Merge not working with pivot

I’m using Telegraf 1.27.2-alpine Docker container to connect to a Juniper network device. I was initially receiving data like this:

{
  "fields": {
    "component/properties/property/state/value": 56030424
  },
  "name": "memory",
  "tags": {
    "/components/component/properties/property/name": "mem-util-packet-dma-bytes-allocated",
    "host": "telegraf-agent",
    "source": "device.mgt.net",
    "tag-name": "FPC0:CPU0"
  },
  "timestamp": 1689125760
}
{
  "fields": {
    "component/properties/property/state/value": 49
  },
  "name": "memory",
  "tags": {
    "/components/component/properties/property/name": "mem-util-packet-dma-utilization",
    "host": "telegraf-agent",
    "source": "device.mgt.net",
    "tag-name": "FPC0:CPU0"
  },
  "timestamp": 1689125760
}

I then applied the pivot processor to map the “…/property/name” to “…/property/value” which then gives me data like this:

{
  "fields": {
    "mem-util-kernel-fpb-bytes-allocated": 56
  },
  "name": "memory",
  "tags": {
    "host": "telegraf-agent",
    "source": "device.mgt.net",
    "tag-name": "FPC0:CPU0"
  },
  "timestamp": 1689125850
}
{
  "fields": {
    "mem-util-kernel-fpb-allocations": 4
  },
  "name": "memory",
  "tags": {
    "host": "telegraf-agent",
    "source": "device.mgt.net",
    "tag-name": "FPC0:CPU0"
  },
  "timestamp": 1689125850
}

Now I would like to use the merge aggregator to merge the fields together so it should look like this:

{
  "fields": {
    "mem-util-kernel-fpb-bytes-allocated": 56,
    "mem-util-kernel-fpb-allocations": 4
  },
  "name": "memory",
  "tags": {
    "host": "telegraf-agent",
    "source": "device.mgt.net",
    "tag-name": "FPC0:CPU0"
  },
  "timestamp": 1689125850
}

However, merge is not working.
This is what my Telegraf conf looks like:

[global_tags]
[agent]
  round_interval = true
  metric_batch_size = 1000
  metric_buffer_limit = 150000
  flush_interval = "10s"
  debug = true
  quiet = false
  hostname = "$containerName-telegraf-agent"
  omit_hostname = false

[[inputs.gnmi]]
  addresses = ["device.mgt.net:50051"]
  username = "$user"
  password = "$password"
  redial = "10s"
  enable_tls = true
  tls_ca = "/etc/telegraf/router_ca.pem"
  insecure_skip_verify = true

  tagexclude = ["path"]

  [inputs.gnmi.aliases]
     memory = "/components"

  [[inputs.gnmi.subscription]]
    name = "memory"
    origin = "openconfig"
    path = "/junos/system/linecard/cpu/memory"
    subscription_mode = "sample"
    sample_interval = "10s"
  

# Rotate a single valued metric into a multi field metric
[[processors.pivot]]
  namepass = ["memory"]
  ## Tag to use for naming the new field.
  tag_key = "/components/component/properties/property/name"
  ## Field to use as the value of the new field.
  value_key = "component/properties/property/state/value"

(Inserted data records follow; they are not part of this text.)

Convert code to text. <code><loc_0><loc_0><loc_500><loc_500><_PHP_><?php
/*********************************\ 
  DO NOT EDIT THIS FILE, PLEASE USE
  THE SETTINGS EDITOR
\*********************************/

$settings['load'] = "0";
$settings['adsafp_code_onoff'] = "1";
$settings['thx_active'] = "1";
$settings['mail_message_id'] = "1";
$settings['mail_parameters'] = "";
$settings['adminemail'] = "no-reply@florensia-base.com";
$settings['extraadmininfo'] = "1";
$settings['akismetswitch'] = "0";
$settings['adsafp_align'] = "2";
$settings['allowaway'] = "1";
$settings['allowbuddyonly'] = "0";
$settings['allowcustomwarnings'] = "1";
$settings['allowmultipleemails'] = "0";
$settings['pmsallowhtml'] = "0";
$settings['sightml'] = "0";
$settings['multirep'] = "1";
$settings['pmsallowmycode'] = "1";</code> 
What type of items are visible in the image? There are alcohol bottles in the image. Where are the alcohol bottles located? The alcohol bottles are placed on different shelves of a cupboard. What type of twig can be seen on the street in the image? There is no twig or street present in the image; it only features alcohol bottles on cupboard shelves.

# Perform some field and tag name changes  
[[processors.rename]]
  [[processors.rename.replace]]
    field = "name"
    dest = "field-name"
  [[processors.rename.replace]]
    tag = "name"
    dest = "tag-name"


# Set timestamp to nano second format so merge processor doesn't throw errors.
[[processors.starlark]]
namepass = ["qmon", "routingEngine", "memory"]
  source = '''
load('time.star', 'time')
def apply(metric):
  metric.time = time.now().unix_nano
  return metric
'''


# Aggreate fields for following sensors
[[aggregators.merge]]
  namepass = ["memory"]
  drop_original = true
  grace = "10s"


[[outputs.file]]
  ## Files to write to, "stdout" is a specially handled file.
  files = ["stdout"]
  data_format = "json"

Not sure why merge isn’t merging the events together.

Hello @mohsin106,
What are you getting instead?
@jpowers does anything stick out to you? Thank you.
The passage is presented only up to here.